Solve for $l$
I tried to solve this for $l$ with trigonometry, but I stopped at $l^2+4-2l\cdot \cos(x)=16, l^2 + 4 +2l\cdot \sin(x)=25$, where $x$ is the angle of the left triangle between 4 and $l$.
So I've tried with Heron's, and got stuck with some square roots…
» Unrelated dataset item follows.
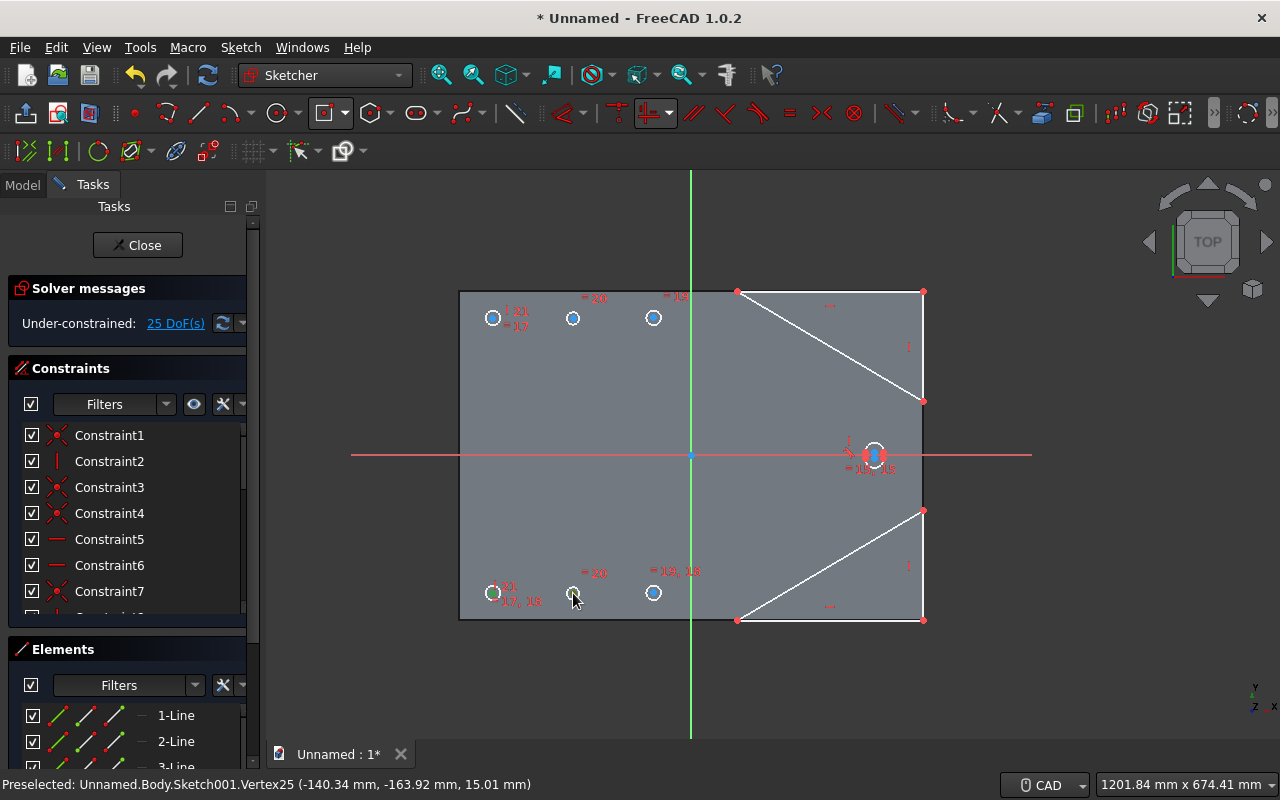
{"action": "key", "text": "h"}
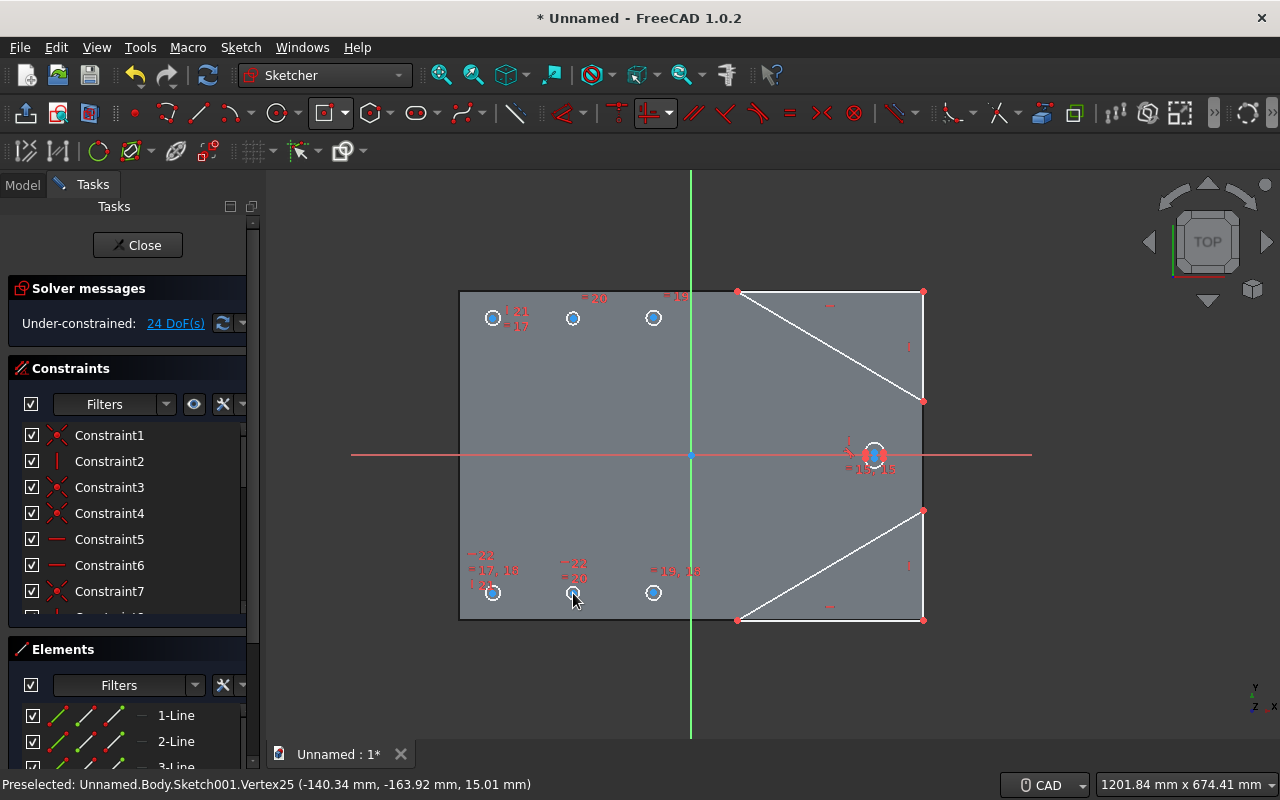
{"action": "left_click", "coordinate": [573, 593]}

According to WolframAlpha, the answer must be something around 3.71374
Any ideas?
——SOLVED———-
Okay, so, thanks to Narasimham I've seen that I took cosine formula wrong, and thanks to cosmo5 I've been able to solve it, here's the solution:
Start with cosine formula
\begin{matrix}
5^2 & = & l^2+4-2\cdot2\cdot l\cdot \cos(270^\circ – \alpha))\\
4^2 & = & l^2+4-2\cdot2\cdot l \cdot \cos(\alpha)
\end{matrix}
Rearrange teh two equation
\begin{matrix}
441-42l^2+l^4 & = &16l^2\cdot\sin^2(\alpha))\\
144-24l^2+l^4 & = &16l^2 \cdot \cos^2(\alpha)
\end{matrix}
find this quadratic formula
\begin{matrix}
585-66l^2+2l^4=16l^2
\end{matrix}
and then found this solutions
\begin{matrix}
+\sqrt{\dfrac{41+\sqrt{511}}{2}}\\
+\sqrt{\dfrac{41-\sqrt{511}}{2}}\\
-\sqrt{\dfrac{41+\sqrt{511}}{2}}\\
-\sqrt{\dfrac{41-\sqrt{511}}{2}}
\end{matrix}
Then, discart the negative ones
\begin{matrix}
\sqrt{\dfrac{41+\sqrt{511}}{2}}\\
\sqrt{\dfrac{41-\sqrt{511}}{2}}
\end{matrix}
Best Answer
Rearrange the two equations as $$l^2-12=2l\cos x \quad , \quad l^2-21=-2l\sin x$$
On squaring both and adding, $x$ is eliminated, $$(l^2-12)^2+(l^2-21)^2=(2l)^2$$ $$\Rightarrow 2(l^2)^2-70l^2+585=0$$
and a quadratic in $l^2$ is obtained. Its value can be computed using the quadratic formula.
To compute $l$, remember to take the square root of $l^2$. WA confirms $l=3.71374$.